Can I have an authoritative ruling please?
Am I, or am I not, the 'owner' of my own words and free to repeat them anywhere within the forum?


----------



## Nunty

I understand that I may not post publicly what someone writes me by PM, nor would I want to. But, like Tony, I'm confused by Chaska's citation of Rule 31 in this context. It never would have occurred to me that if I write to someone privately and include a brilliant analysis of the use of serial commas in written English, that I could not later on cut and paste and post it in a thread dealing with serial commas.

In other words, my own words that do not otherwise violate any forum rules: I may not post them publically if they were first sent to someone by PM?


----------



## Jana337

maxiogee said:


> Can I have an authoritative ruling please?
> Am I, or am I not, the 'owner' of my own words and free to repeat them anywhere within the forum?

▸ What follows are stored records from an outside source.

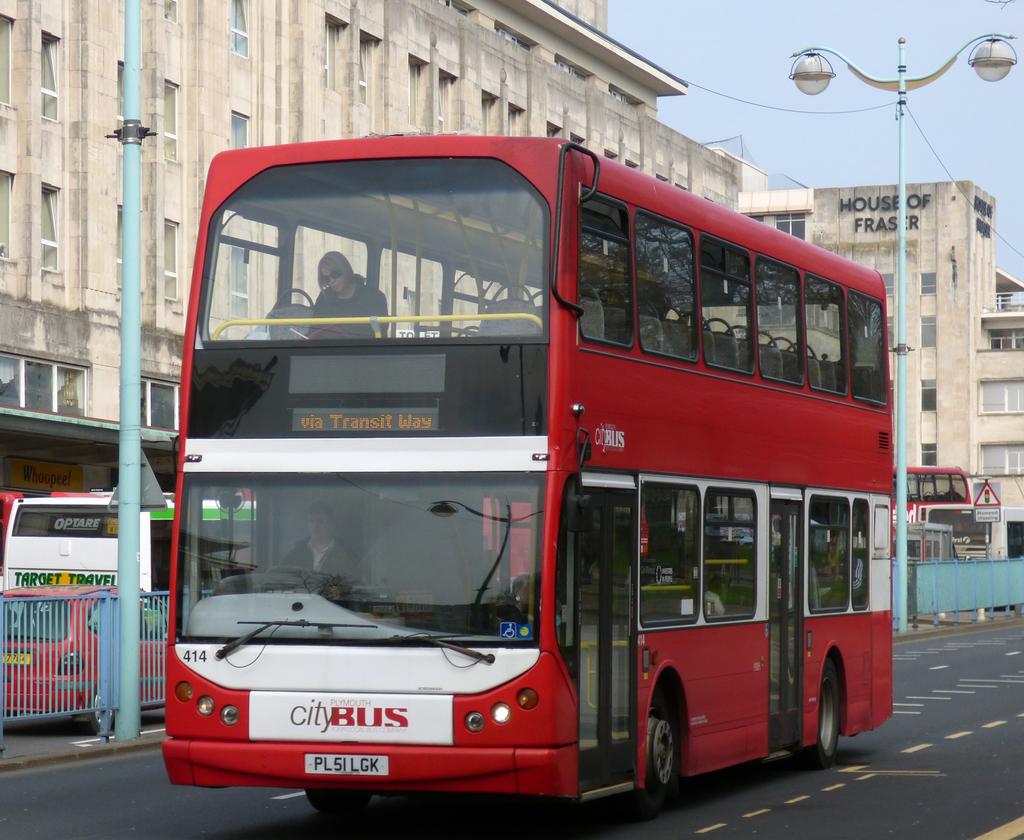Does this bus have two levels?
Provide a succinct answer. Answering does not require reading text in the image. What´s the number of this bus?
Your answer should be compact. 414. 
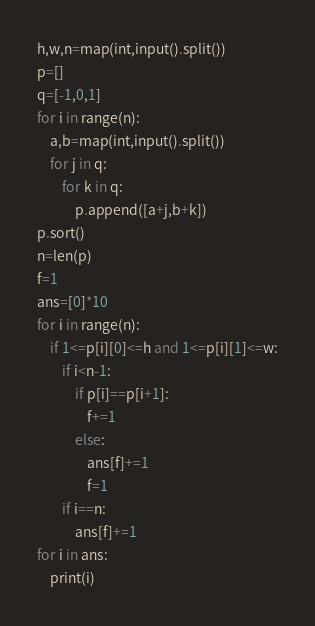Convert code to text. <code><loc_0><loc_0><loc_500><loc_500><_Python_>h,w,n=map(int,input().split())
p=[]
q=[-1,0,1]
for i in range(n):
    a,b=map(int,input().split())
    for j in q:
        for k in q:
            p.append([a+j,b+k])
p.sort()
n=len(p)
f=1
ans=[0]*10
for i in range(n):
    if 1<=p[i][0]<=h and 1<=p[i][1]<=w:
        if i<n-1:
            if p[i]==p[i+1]:
                f+=1
            else:
                ans[f]+=1
                f=1
        if i==n:
            ans[f]+=1
for i in ans:
    print(i)</code> 
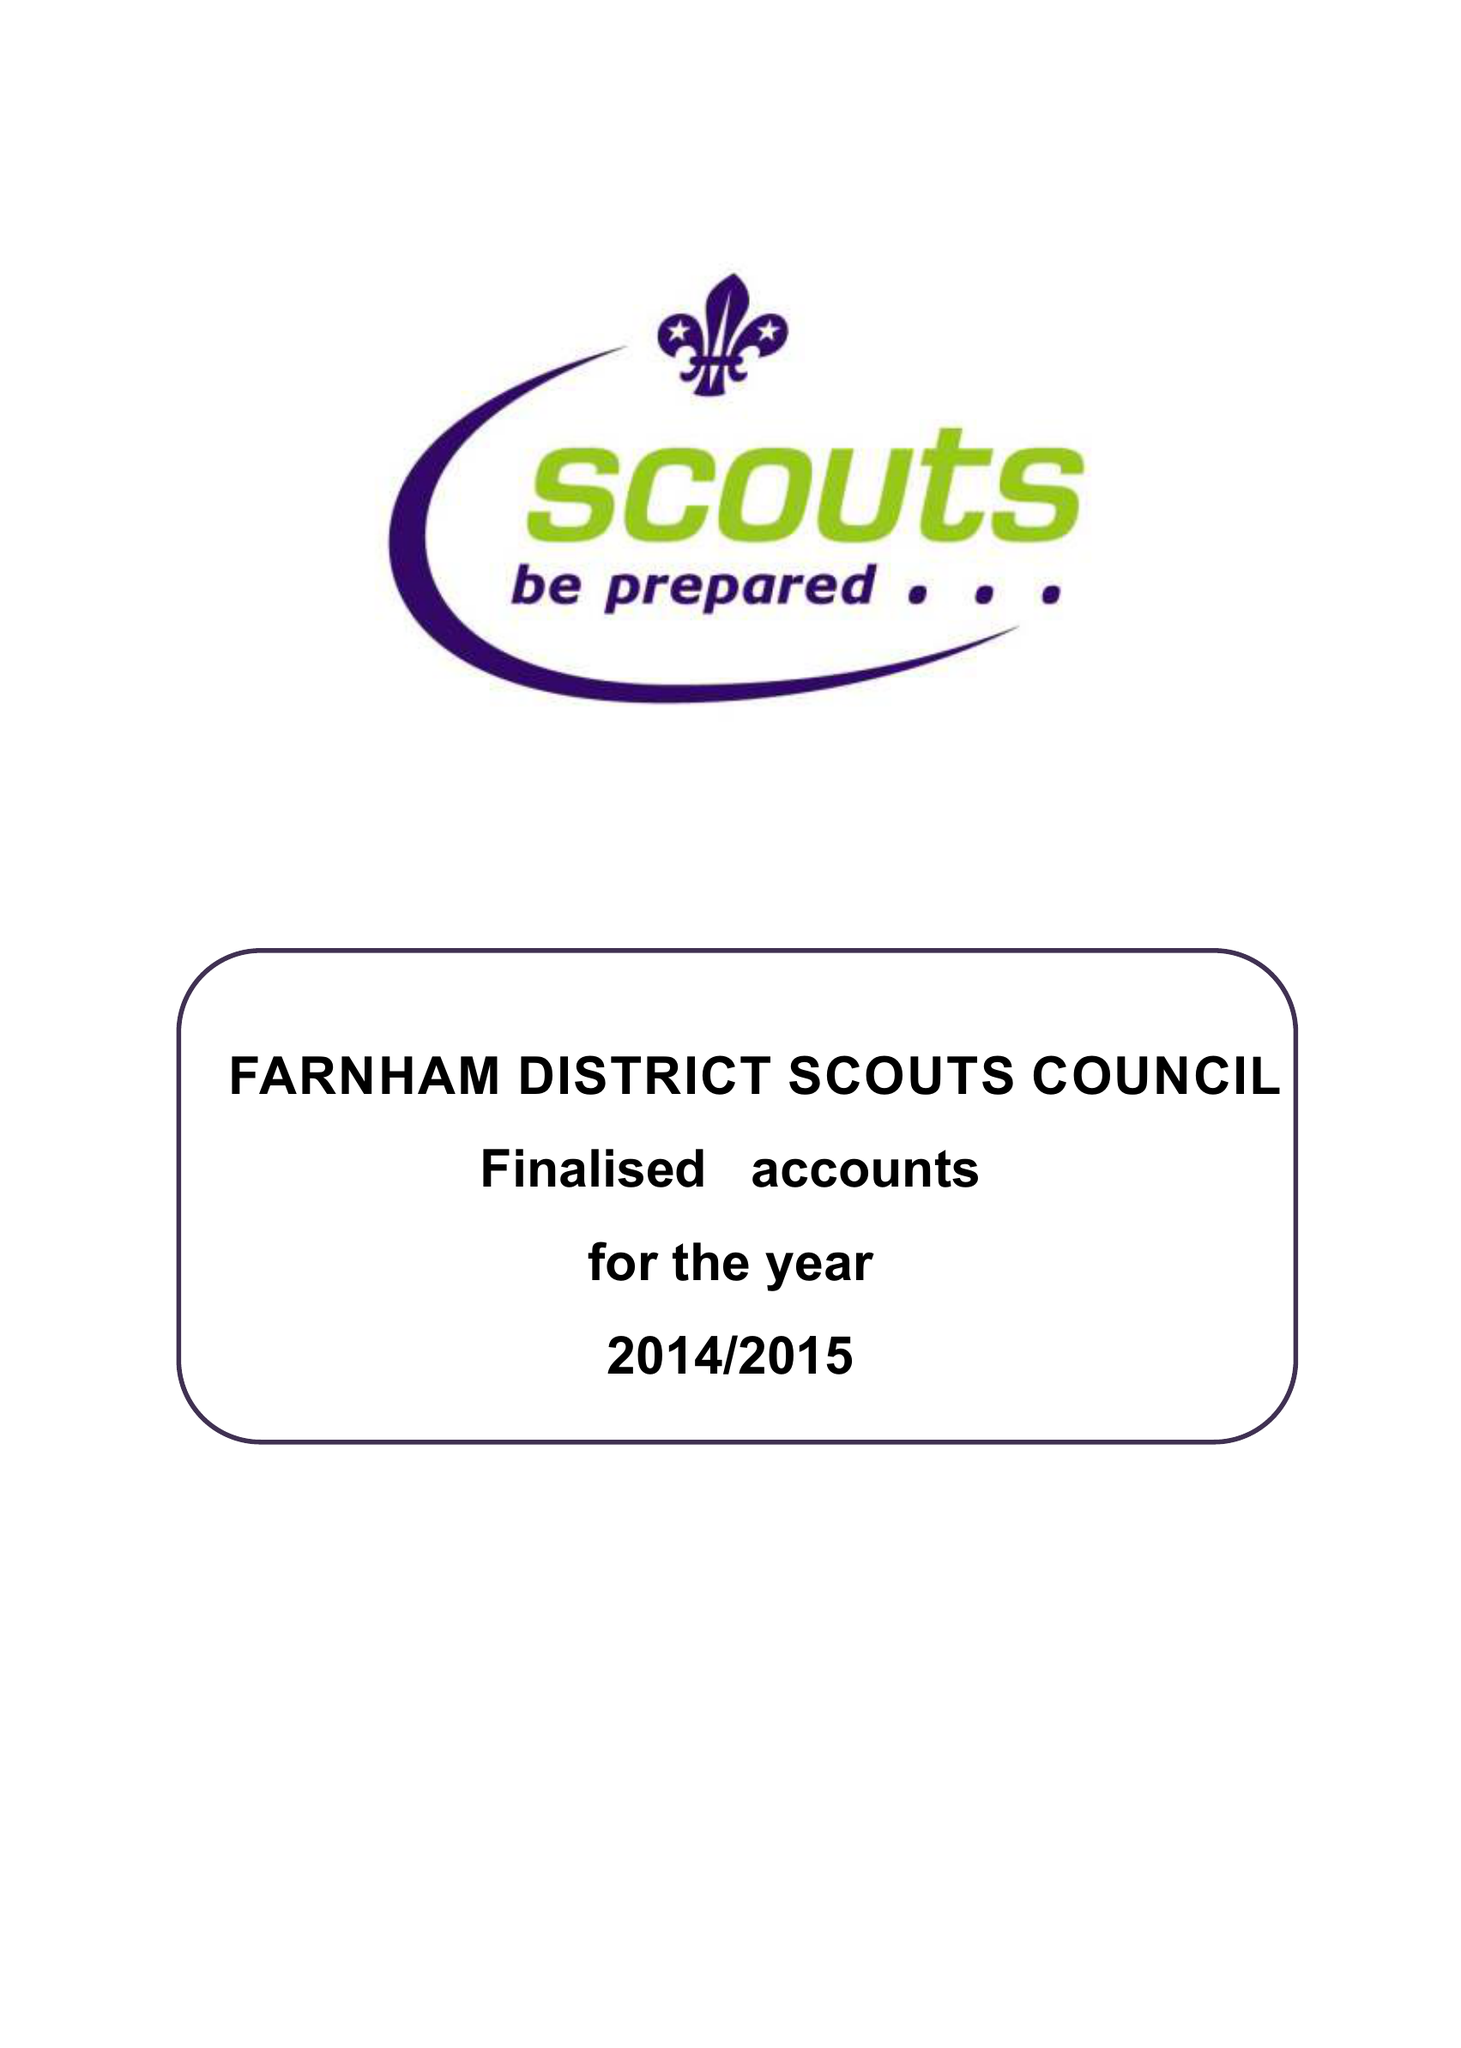What is the value for the charity_name?
Answer the question using a single word or phrase. Farnham District Scout Council

Yes, you are. I am sorry that rule 31 looks ambiguous (we'll probably reword it) but its purpose is to preclude unauthorized quotations of privately shared texts.

Jana


----------



## Chaska Ñawi

Yes, sorry about the confusion.  I also misunderstood.

(I think I'll take a walk out back now, so that I can be outstanding in at least one field.)


----------



## maxiogee

Jana337 said:


> Yes, you are. I am sorry that rule 31 looks ambiguous (we'll probably reword it) but its purpose is to preclude unauthorized quotations of privately shared texts.
> 
> Jana





Chaska Ñawi said:


> Yes, sorry about the confusion.  I also misunderstood.



Thank you both.



> (I think I'll take a walk out back now, so that I can be outstanding in at least one field.)


You can come in now, we've finished talking about you, and your dinner's getting cold.


----------



## Nunty

Thanks, Jana.

Chaska, I'm sure you are outstanding in any field of which you are in the middle


----------